Records from a collection:
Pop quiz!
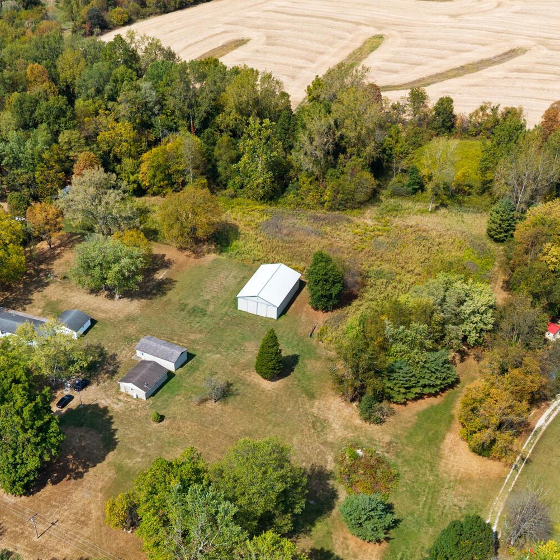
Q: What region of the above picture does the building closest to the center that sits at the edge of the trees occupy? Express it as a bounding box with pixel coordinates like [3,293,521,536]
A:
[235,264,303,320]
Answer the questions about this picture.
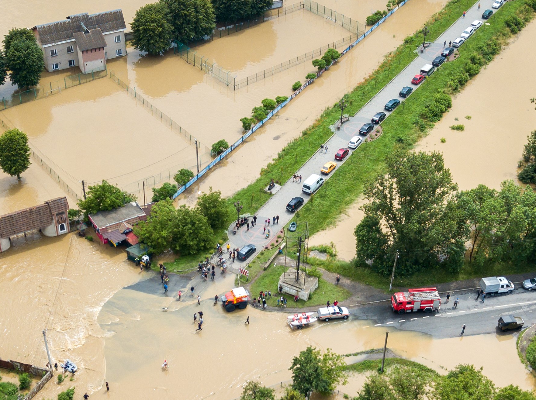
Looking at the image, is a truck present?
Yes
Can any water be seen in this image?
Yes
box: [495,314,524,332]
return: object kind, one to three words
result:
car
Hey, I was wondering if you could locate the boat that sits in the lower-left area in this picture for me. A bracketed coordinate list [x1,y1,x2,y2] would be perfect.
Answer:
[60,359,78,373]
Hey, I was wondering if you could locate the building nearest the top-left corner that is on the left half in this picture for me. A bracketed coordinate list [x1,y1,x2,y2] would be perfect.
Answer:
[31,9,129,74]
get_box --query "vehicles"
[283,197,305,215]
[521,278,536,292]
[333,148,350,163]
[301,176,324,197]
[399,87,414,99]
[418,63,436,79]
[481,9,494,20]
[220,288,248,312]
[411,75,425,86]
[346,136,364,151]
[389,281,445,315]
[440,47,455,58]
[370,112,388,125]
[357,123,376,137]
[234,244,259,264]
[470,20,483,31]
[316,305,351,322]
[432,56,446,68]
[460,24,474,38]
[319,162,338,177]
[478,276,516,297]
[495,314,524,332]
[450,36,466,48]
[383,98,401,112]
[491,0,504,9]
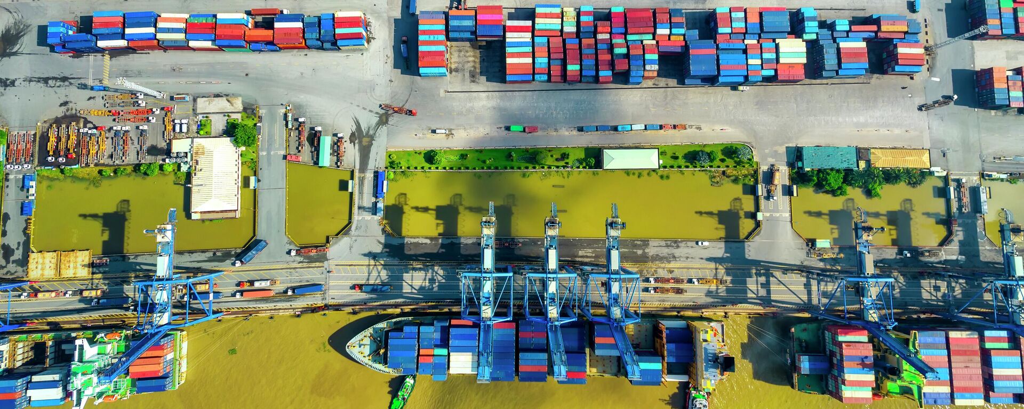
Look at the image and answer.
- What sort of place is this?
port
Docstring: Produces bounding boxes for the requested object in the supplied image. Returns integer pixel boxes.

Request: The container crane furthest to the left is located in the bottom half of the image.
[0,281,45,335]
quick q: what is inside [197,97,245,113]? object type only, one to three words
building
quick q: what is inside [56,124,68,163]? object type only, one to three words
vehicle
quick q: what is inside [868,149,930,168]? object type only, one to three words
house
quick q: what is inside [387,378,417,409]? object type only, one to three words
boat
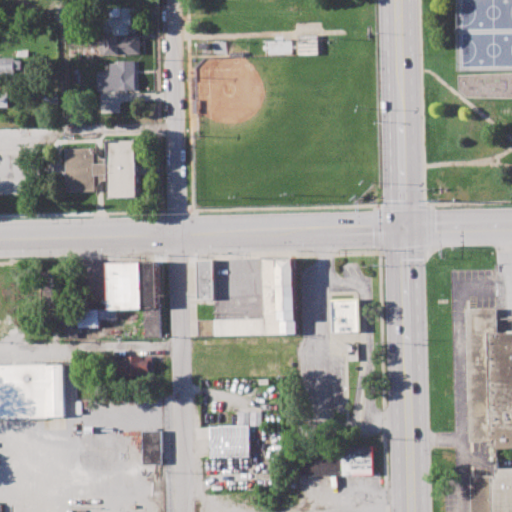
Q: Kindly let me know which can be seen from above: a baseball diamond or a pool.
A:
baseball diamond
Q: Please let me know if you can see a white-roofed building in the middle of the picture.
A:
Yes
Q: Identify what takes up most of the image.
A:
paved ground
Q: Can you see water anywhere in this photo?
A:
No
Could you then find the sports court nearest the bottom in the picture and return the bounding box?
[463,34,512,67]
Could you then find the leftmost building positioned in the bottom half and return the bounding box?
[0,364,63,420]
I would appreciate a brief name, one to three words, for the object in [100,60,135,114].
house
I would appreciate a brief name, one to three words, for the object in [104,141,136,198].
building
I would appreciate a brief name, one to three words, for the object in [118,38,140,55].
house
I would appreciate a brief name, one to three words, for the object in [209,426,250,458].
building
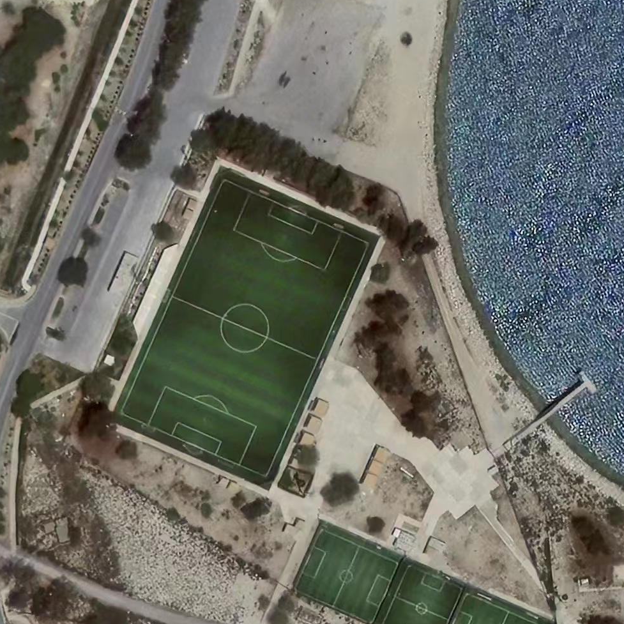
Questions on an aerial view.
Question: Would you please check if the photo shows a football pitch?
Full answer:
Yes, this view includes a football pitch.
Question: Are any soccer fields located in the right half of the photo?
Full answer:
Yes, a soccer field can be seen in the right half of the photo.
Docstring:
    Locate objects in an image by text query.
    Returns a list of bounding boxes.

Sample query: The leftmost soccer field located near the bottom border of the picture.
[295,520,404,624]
--
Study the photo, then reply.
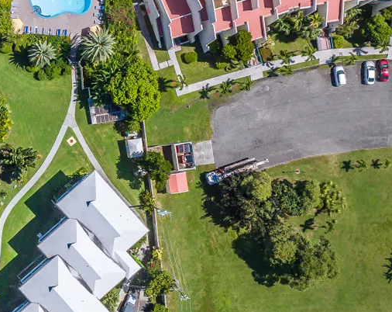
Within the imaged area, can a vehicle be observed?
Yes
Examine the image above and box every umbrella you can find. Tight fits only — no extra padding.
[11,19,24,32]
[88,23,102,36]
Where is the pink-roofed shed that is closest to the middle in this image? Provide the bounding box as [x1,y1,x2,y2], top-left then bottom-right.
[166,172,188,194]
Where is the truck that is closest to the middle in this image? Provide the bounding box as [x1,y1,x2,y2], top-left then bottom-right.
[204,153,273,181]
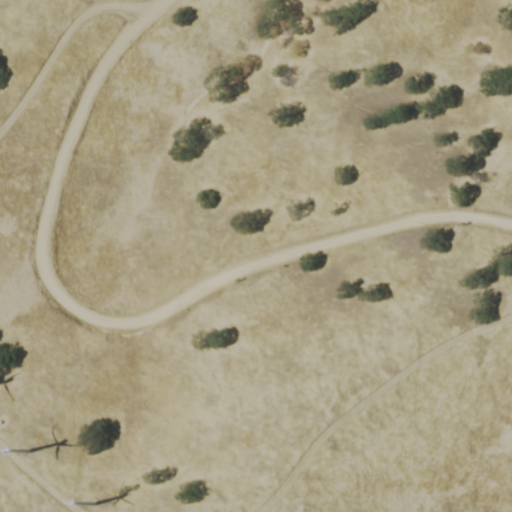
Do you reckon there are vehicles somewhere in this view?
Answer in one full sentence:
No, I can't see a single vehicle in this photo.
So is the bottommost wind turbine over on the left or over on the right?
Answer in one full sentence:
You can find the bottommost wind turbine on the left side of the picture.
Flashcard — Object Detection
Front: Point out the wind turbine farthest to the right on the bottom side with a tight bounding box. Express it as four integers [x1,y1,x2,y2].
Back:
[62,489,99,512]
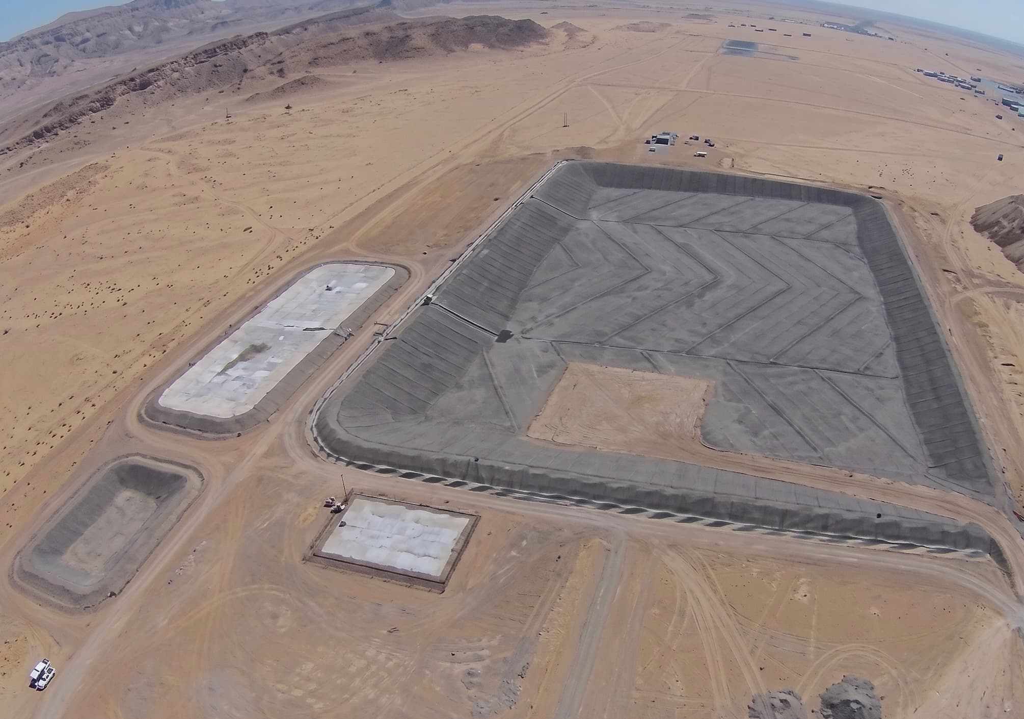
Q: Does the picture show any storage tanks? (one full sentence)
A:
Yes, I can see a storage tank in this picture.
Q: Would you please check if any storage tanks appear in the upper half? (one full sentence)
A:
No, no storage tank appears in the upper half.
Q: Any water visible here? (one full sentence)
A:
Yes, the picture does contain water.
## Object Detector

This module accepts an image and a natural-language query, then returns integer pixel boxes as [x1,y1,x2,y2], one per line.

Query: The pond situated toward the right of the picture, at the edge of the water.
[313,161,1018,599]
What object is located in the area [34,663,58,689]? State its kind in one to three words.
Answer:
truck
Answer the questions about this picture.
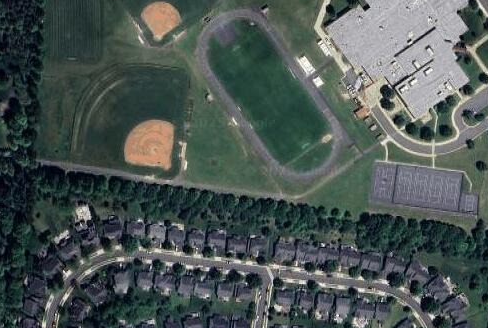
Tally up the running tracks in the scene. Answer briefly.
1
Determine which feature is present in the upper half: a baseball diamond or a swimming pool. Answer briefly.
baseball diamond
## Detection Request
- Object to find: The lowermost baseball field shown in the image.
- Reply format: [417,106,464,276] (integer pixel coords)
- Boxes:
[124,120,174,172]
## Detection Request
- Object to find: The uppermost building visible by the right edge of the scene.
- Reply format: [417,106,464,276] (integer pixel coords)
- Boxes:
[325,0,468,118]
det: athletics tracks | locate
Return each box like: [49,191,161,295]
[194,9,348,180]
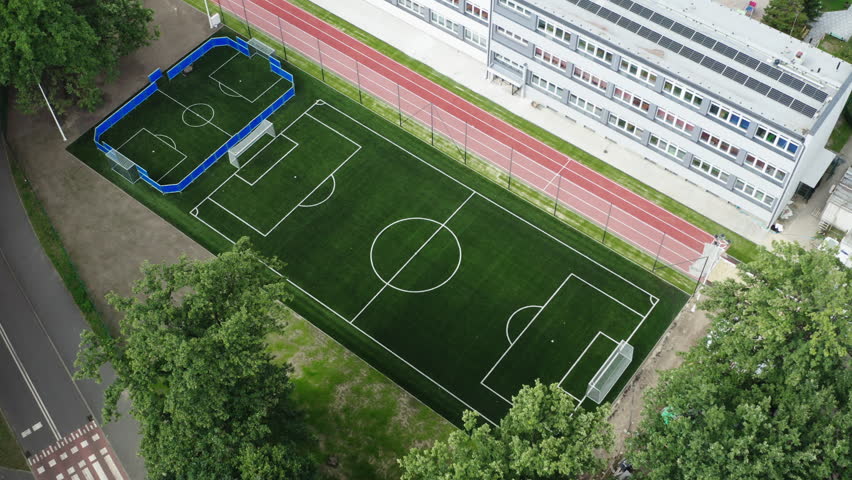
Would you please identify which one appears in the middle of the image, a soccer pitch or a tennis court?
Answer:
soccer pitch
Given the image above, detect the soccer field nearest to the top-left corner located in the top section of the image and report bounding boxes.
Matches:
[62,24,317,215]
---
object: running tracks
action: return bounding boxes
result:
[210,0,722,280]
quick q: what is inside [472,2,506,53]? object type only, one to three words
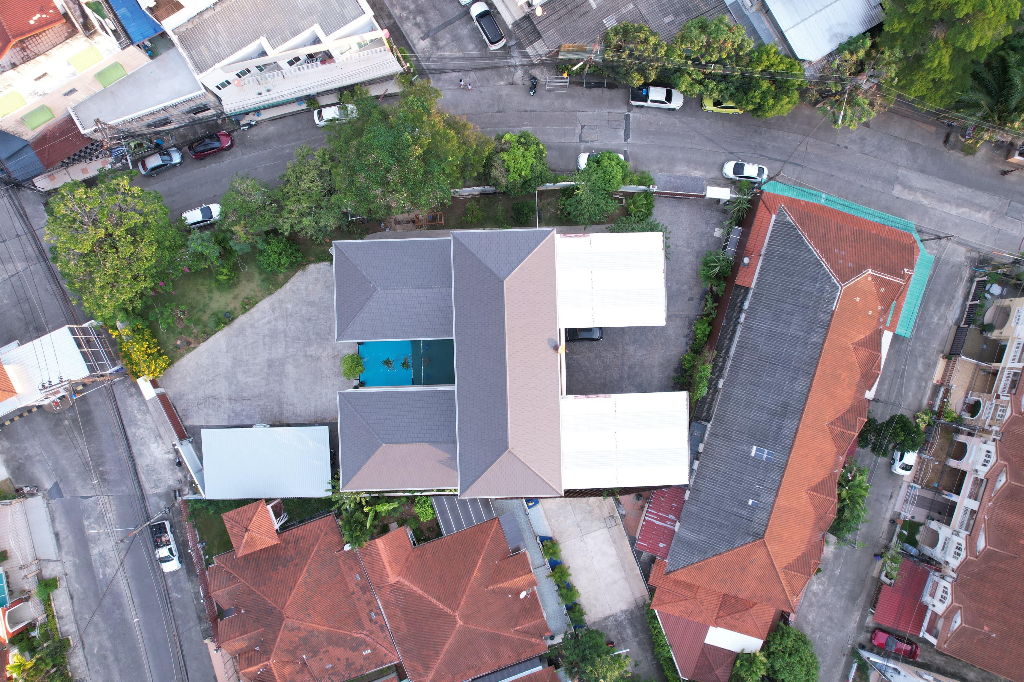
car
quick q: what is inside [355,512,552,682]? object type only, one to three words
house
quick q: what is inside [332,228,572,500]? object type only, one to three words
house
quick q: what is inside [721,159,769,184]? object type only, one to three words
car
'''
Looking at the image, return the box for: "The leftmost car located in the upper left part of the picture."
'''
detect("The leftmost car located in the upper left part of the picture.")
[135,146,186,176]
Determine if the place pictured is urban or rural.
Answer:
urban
==
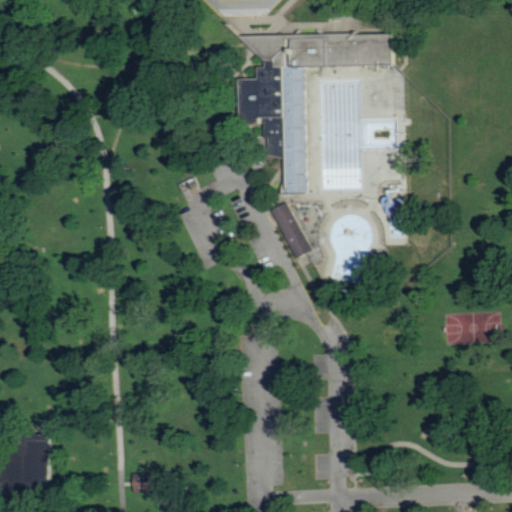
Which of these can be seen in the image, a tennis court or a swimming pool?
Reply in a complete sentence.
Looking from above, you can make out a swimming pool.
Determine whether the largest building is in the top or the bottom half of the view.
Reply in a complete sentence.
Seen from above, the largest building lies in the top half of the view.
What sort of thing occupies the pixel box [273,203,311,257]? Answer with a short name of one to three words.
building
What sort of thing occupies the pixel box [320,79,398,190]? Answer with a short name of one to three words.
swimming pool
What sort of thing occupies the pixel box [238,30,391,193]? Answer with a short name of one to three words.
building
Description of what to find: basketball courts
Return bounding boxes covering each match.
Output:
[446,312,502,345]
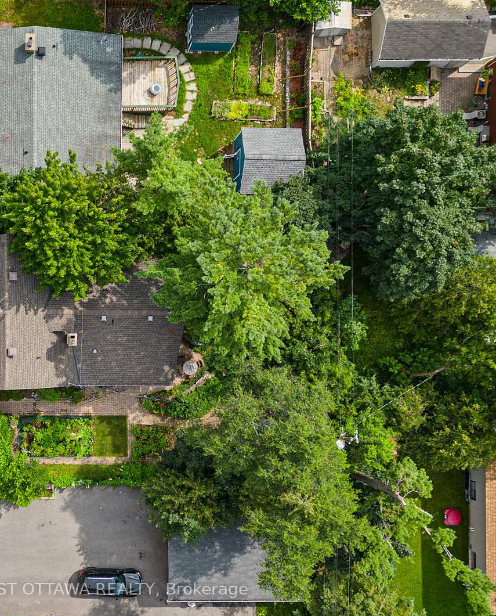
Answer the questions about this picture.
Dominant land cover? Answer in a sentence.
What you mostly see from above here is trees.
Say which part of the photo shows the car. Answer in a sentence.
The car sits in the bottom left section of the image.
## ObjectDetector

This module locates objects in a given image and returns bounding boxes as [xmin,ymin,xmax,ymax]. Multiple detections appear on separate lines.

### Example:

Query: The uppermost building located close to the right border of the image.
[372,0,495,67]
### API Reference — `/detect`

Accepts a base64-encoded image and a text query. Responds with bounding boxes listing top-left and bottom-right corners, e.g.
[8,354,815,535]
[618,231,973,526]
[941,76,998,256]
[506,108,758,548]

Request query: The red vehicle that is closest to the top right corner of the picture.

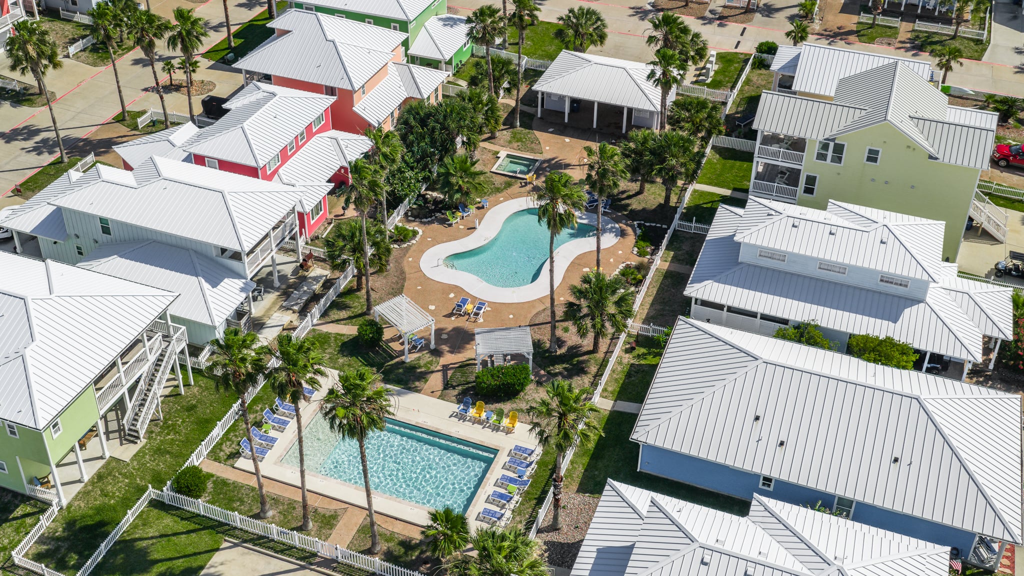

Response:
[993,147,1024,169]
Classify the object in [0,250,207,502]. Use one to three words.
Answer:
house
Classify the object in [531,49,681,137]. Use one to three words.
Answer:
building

**Exercise directions**. Your task is to copy each line of the data above that holds "know".

**Output**.
Q: Kindly let me know which can be seen from above: a baseball diamond or a pool.
Q: Please let me know if you can see a white-roofed building in the middle of the picture.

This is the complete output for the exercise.